### [DATA FOR THIS TASK]
::::::
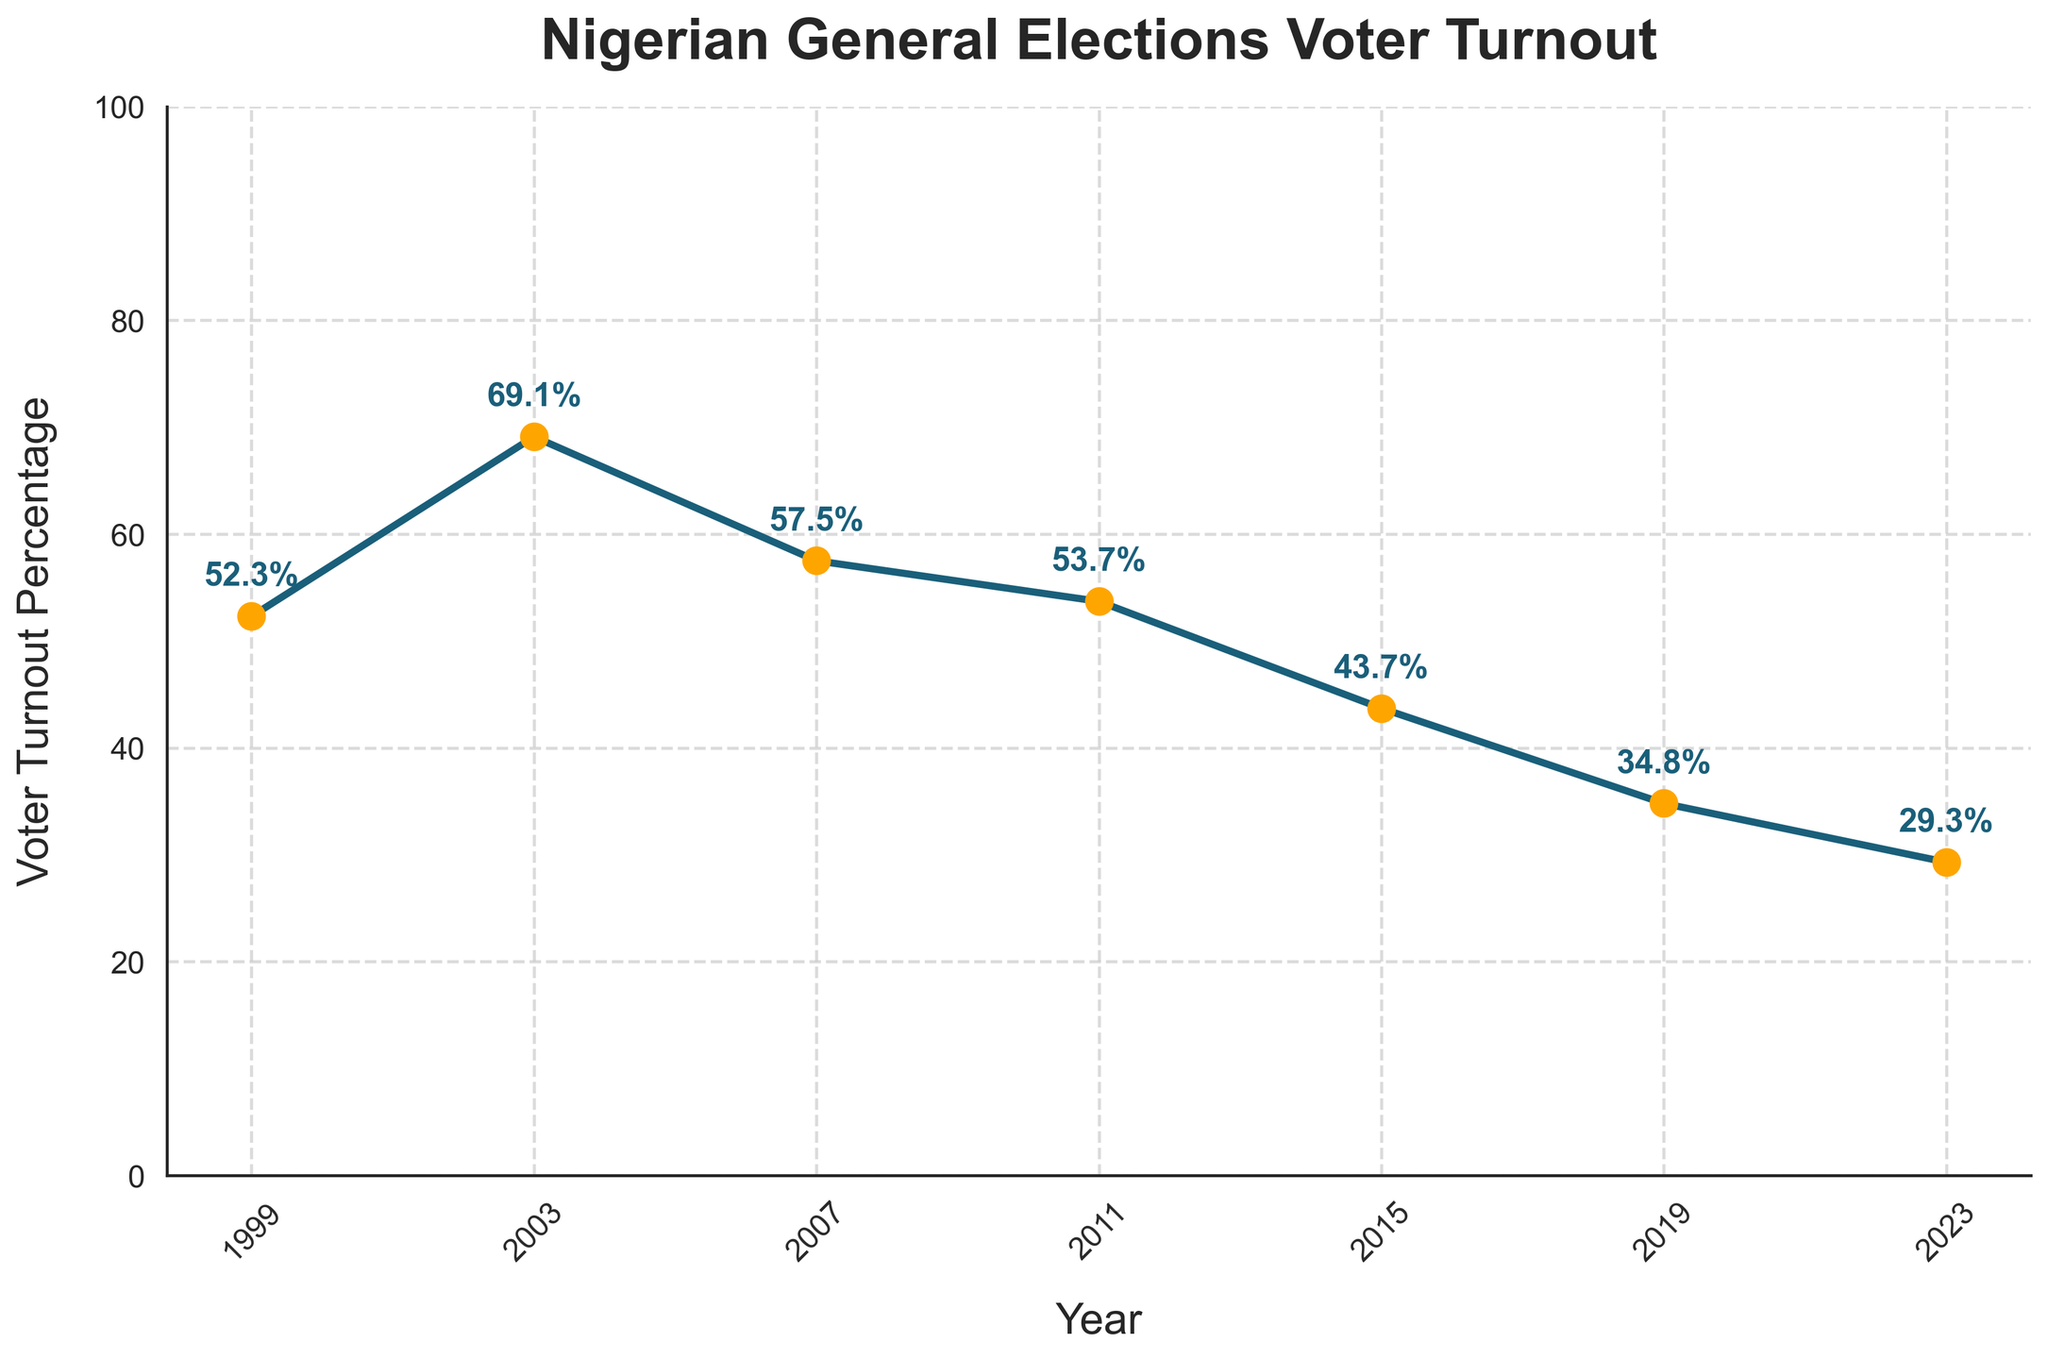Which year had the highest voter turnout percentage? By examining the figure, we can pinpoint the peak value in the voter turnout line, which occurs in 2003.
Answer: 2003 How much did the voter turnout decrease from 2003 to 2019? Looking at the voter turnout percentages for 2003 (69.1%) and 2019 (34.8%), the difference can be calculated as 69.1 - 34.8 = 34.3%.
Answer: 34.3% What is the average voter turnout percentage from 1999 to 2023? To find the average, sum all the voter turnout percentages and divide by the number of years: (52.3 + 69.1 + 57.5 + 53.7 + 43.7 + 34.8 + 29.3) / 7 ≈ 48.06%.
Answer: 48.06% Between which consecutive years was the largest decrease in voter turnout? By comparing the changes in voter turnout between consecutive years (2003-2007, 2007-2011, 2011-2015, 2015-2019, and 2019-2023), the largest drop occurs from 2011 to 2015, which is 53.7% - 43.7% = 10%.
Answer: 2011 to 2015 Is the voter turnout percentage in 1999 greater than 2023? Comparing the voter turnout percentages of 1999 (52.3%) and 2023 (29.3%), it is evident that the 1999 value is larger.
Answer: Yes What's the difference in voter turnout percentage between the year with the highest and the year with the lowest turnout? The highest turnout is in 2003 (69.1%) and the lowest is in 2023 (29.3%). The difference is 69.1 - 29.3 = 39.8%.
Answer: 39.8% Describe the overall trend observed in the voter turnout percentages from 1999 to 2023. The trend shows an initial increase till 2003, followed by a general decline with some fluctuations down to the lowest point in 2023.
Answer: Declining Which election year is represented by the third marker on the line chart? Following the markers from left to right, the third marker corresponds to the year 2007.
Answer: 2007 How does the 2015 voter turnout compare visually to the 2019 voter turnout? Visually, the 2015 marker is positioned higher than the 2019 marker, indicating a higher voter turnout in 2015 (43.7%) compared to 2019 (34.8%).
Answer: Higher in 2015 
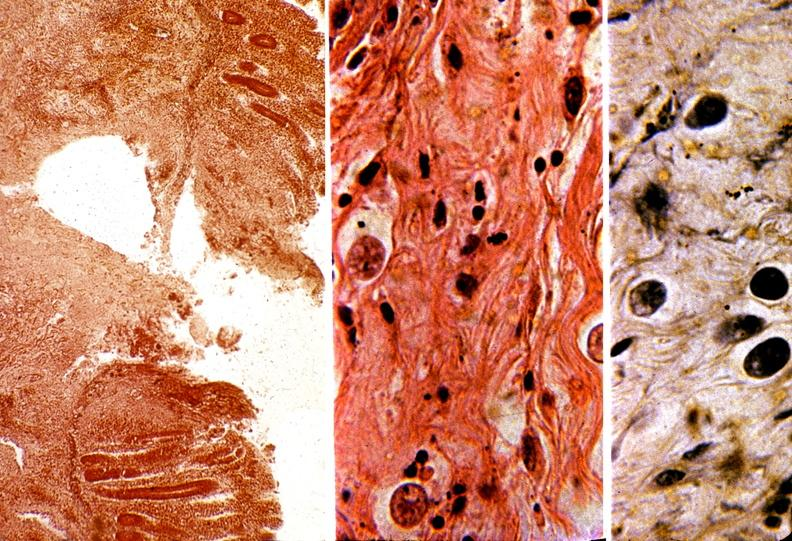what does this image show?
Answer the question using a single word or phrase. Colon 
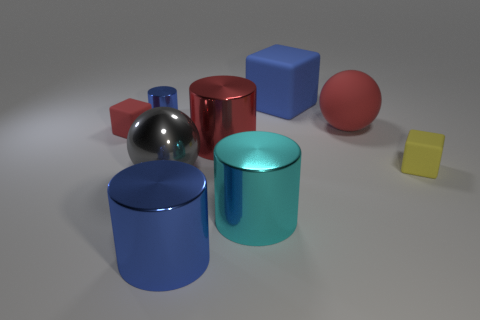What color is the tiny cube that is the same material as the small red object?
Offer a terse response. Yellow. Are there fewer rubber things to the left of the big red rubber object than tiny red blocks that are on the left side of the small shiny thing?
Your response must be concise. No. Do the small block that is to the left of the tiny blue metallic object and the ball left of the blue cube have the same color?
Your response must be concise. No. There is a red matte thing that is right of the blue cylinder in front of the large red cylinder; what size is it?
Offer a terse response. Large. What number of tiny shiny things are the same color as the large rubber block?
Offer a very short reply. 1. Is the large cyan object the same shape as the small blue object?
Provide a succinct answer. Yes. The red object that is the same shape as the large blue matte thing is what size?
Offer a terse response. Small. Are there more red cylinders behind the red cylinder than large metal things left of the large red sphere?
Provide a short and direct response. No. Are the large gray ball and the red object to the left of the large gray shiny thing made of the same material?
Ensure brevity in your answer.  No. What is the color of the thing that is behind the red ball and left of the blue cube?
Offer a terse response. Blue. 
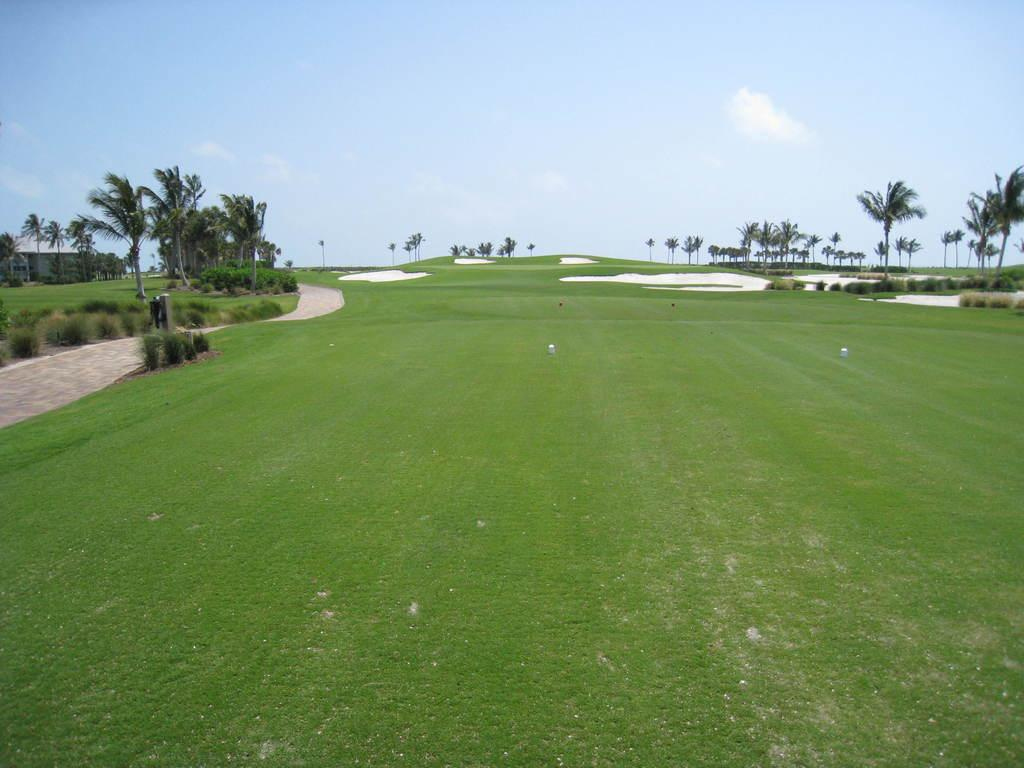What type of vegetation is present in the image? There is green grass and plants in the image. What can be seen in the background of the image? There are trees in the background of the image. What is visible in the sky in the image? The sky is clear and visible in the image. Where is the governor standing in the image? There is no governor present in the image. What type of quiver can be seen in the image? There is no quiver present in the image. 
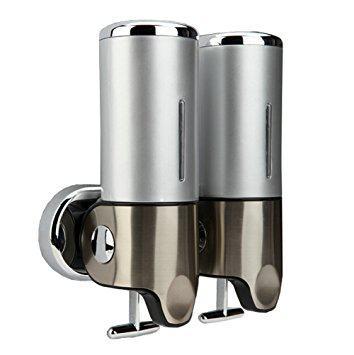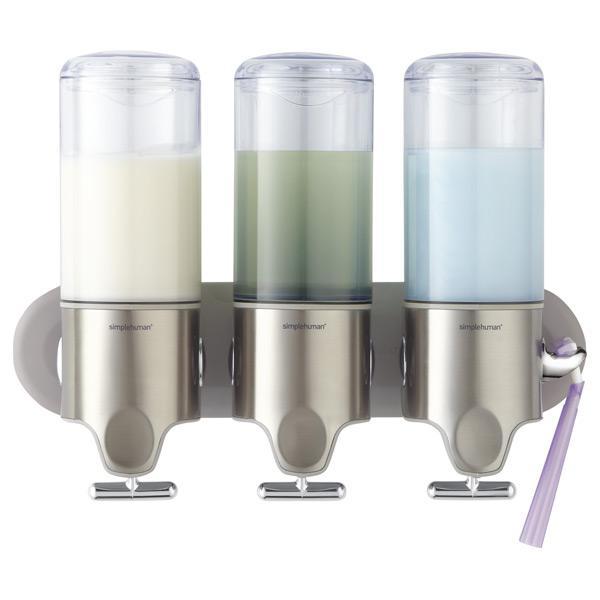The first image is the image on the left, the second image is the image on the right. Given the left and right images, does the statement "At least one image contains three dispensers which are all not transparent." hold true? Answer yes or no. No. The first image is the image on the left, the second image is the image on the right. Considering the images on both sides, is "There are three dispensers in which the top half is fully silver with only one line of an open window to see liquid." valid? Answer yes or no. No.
::::::
### [TASK ITEM]
Text only, please: give the listing again word for word with no images.

### [RESPONSE]
Which year had the highest voter turnout percentage? By examining the figure, we can pinpoint the peak value in the voter turnout line, which occurs in 2003.
Answer: 2003 How much did the voter turnout decrease from 2003 to 2019? Looking at the voter turnout percentages for 2003 (69.1%) and 2019 (34.8%), the difference can be calculated as 69.1 - 34.8 = 34.3%.
Answer: 34.3% What is the average voter turnout percentage from 1999 to 2023? To find the average, sum all the voter turnout percentages and divide by the number of years: (52.3 + 69.1 + 57.5 + 53.7 + 43.7 + 34.8 + 29.3) / 7 ≈ 48.06%.
Answer: 48.06% Between which consecutive years was the largest decrease in voter turnout? By comparing the changes in voter turnout between consecutive years (2003-2007, 2007-2011, 2011-2015, 2015-2019, and 2019-2023), the largest drop occurs from 2011 to 2015, which is 53.7% - 43.7% = 10%.
Answer: 2011 to 2015 Is the voter turnout percentage in 1999 greater than 2023? Comparing the voter turnout percentages of 1999 (52.3%) and 2023 (29.3%), it is evident that the 1999 value is larger.
Answer: Yes What's the difference in voter turnout percentage between the year with the highest and the year with the lowest turnout? The highest turnout is in 2003 (69.1%) and the lowest is in 2023 (29.3%). The difference is 69.1 - 29.3 = 39.8%.
Answer: 39.8% Describe the overall trend observed in the voter turnout percentages from 1999 to 2023. The trend shows an initial increase till 2003, followed by a general decline with some fluctuations down to the lowest point in 2023.
Answer: Declining Which election year is represented by the third marker on the line chart? Following the markers from left to right, the third marker corresponds to the year 2007.
Answer: 2007 How does the 2015 voter turnout compare visually to the 2019 voter turnout? Visually, the 2015 marker is positioned higher than the 2019 marker, indicating a higher voter turnout in 2015 (43.7%) compared to 2019 (34.8%).
Answer: Higher in 2015 
what does this image show?
Answer the question using a single word or phrase. Colon 
What color is the tiny cube that is the same material as the small red object?
Offer a terse response. Yellow. Are there fewer rubber things to the left of the big red rubber object than tiny red blocks that are on the left side of the small shiny thing?
Your response must be concise. No. Do the small block that is to the left of the tiny blue metallic object and the ball left of the blue cube have the same color?
Your response must be concise. No. There is a red matte thing that is right of the blue cylinder in front of the large red cylinder; what size is it?
Offer a terse response. Large. What number of tiny shiny things are the same color as the large rubber block?
Offer a very short reply. 1. Is the large cyan object the same shape as the small blue object?
Provide a succinct answer. Yes. The red object that is the same shape as the large blue matte thing is what size?
Offer a terse response. Small. Are there more red cylinders behind the red cylinder than large metal things left of the large red sphere?
Provide a short and direct response. No. Are the large gray ball and the red object to the left of the large gray shiny thing made of the same material?
Ensure brevity in your answer.  No. What is the color of the thing that is behind the red ball and left of the blue cube?
Offer a terse response. Blue. 
What type of vegetation is present in the image? There is green grass and plants in the image. What can be seen in the background of the image? There are trees in the background of the image. What is visible in the sky in the image? The sky is clear and visible in the image. Where is the governor standing in the image? There is no governor present in the image. What type of quiver can be seen in the image? There is no quiver present in the image. 
The first image is the image on the left, the second image is the image on the right. Given the left and right images, does the statement "At least one image contains three dispensers which are all not transparent." hold true? Answer yes or no. No. The first image is the image on the left, the second image is the image on the right. Considering the images on both sides, is "There are three dispensers in which the top half is fully silver with only one line of an open window to see liquid." valid? Answer yes or no. No.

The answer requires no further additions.